Labour’s NZ$1 billion debt-financed spend on cost-of-living payments, for example, was almost certainly inflationary. It violated the basic economic principles of adjusting fiscal and monetary policy as needed to control abrupt changes in demand or supply (also known as business cycle stabilisation).

Similar tax rebate programmes in the United States in 2001 and 2008 led to demand surges of up to 2.3% in the quarter of their introduction.

This heightened demand occurred within an already overheating economy with substantial supply shortages, and no credible plan was introduced to restore fiscal balance. This combination inevitably fuelled inflationary pressures.

Overall, the impact of income tax changes on inflation depends on the complex relationship between demand and supply side effects, exchange rate effects, and expectations.
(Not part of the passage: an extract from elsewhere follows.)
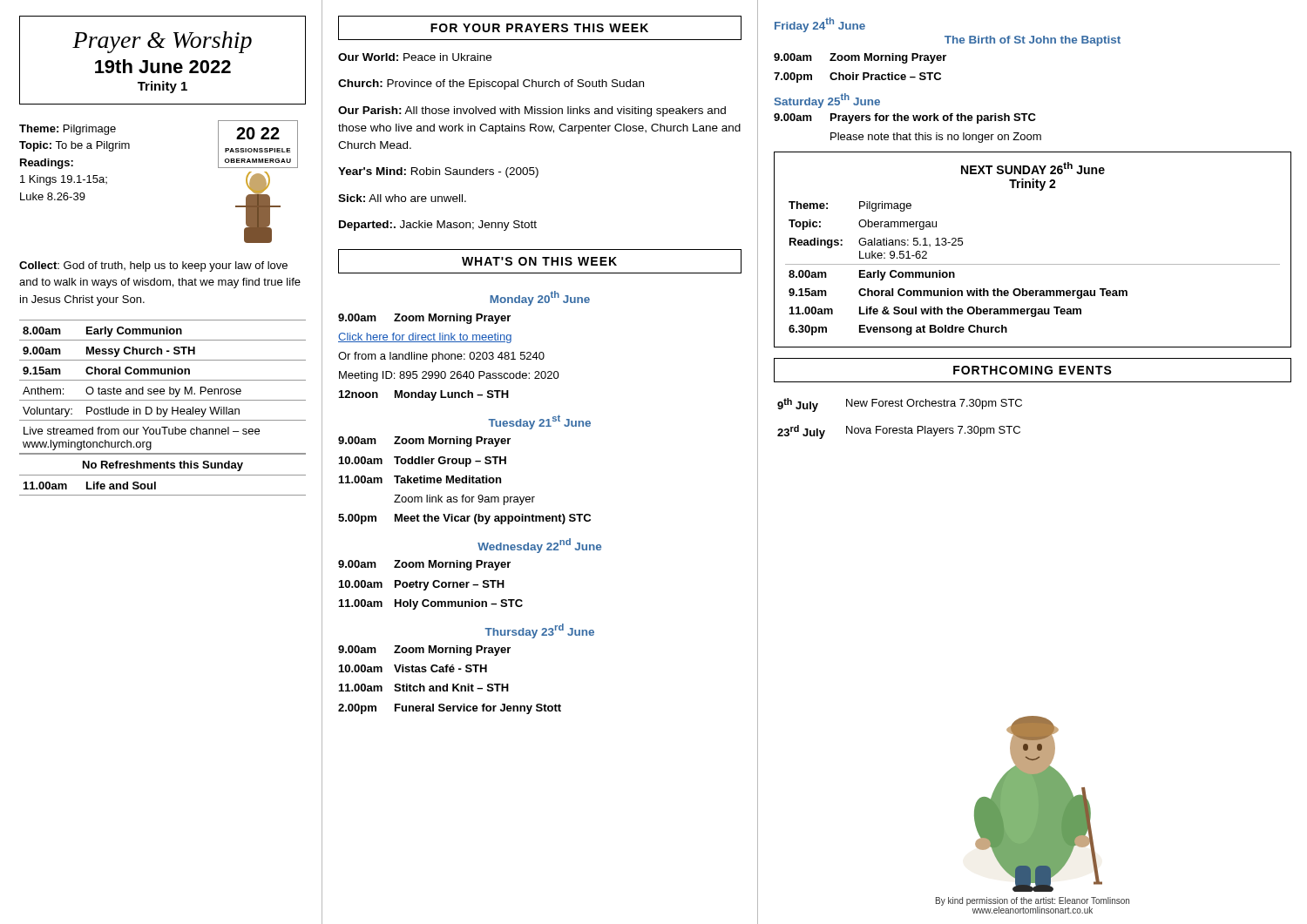Screen dimensions: 924x1307
Task: Locate the section header that opens with "NEXT SUNDAY 26th JuneTrinity"
Action: [1033, 250]

And there is no clear answer in existing theoretical economic models as to whether income tax changes alone will increase or decrease inflation.

Adding tax cuts to the mix

A recent study using data from the US investigated the effects of tax cuts at the top and the bottom of the income distribution.

The study found cutting taxes at the bottom had a positive effect on the economy, but cutting at the top did not. Cutting income taxes at the bottom increased consumption, GDP, real wages, employment, hours worked and labour force participation.

These results reveal how income tax cuts can be beneficial for the economy, strongly affecting both the demand and supply sides of the economy. Willis has said National’s tax cuts will be targeted to middle and lower-income workers.

The most interesting insight from this study is that the effect of tax cuts on prices is insignificant. Price levels do not significantly change when taxes are cut. Furthermore, the largest (yet still insignificant) effect occurs about three years after the tax cut.

Therefore, even if the government’s proposed tax cuts pushed inflation up, it would not occur before 2027-2028, when the Reserve Bank predicts inflation will be back to its target level of around 2%.

Overall, and based on the latest available research, there is no evidence the proposed tax cuts would make inflation worse.